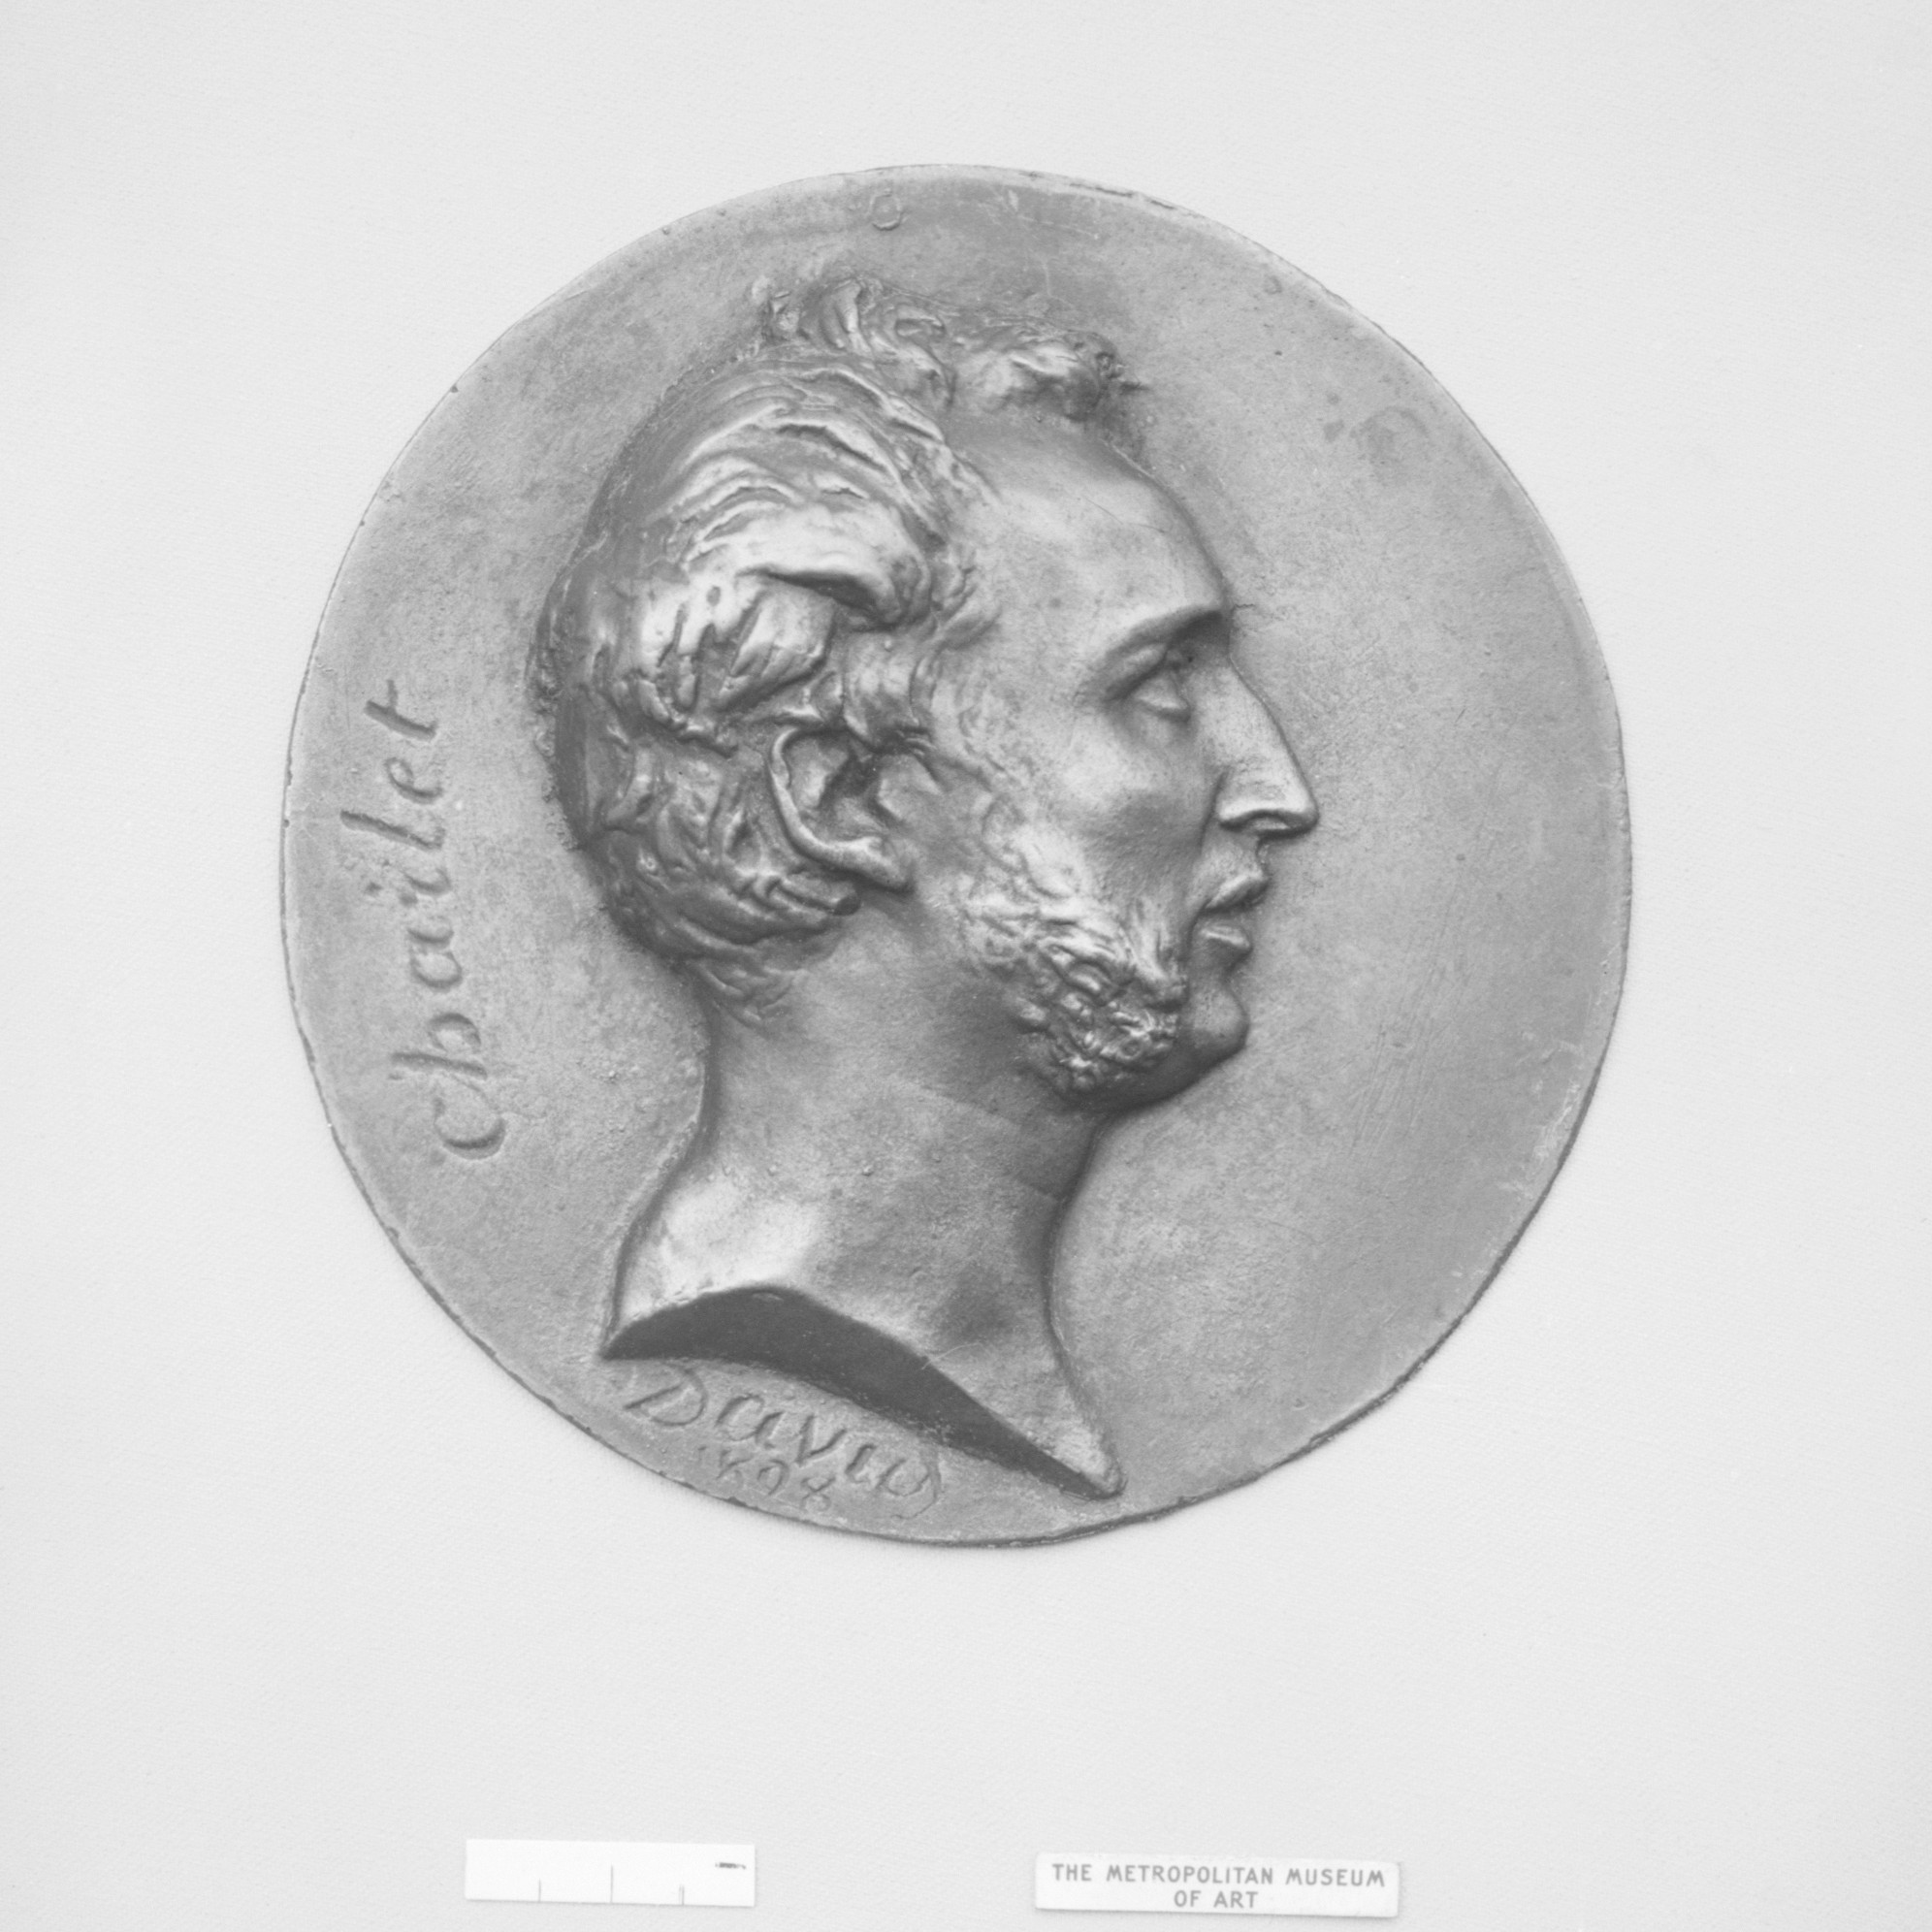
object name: medallion
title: Nicolas Toussaint Charlet (1792–1845), French painter of battle-pieces
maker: pierre jean david d'angers
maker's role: artist
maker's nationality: french
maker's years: 1788-1856
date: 1828
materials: bronze
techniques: casting
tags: men,profiles

§ **Directions for this task**: From the line containing "maker's nationality: french" through the last line of the records above, reproduce every line exactly.

§ **Exercise solution**:
maker's nationality: french
maker's years: 1788-1856
date: 1828
materials: bronze
techniques: casting
tags: men,profiles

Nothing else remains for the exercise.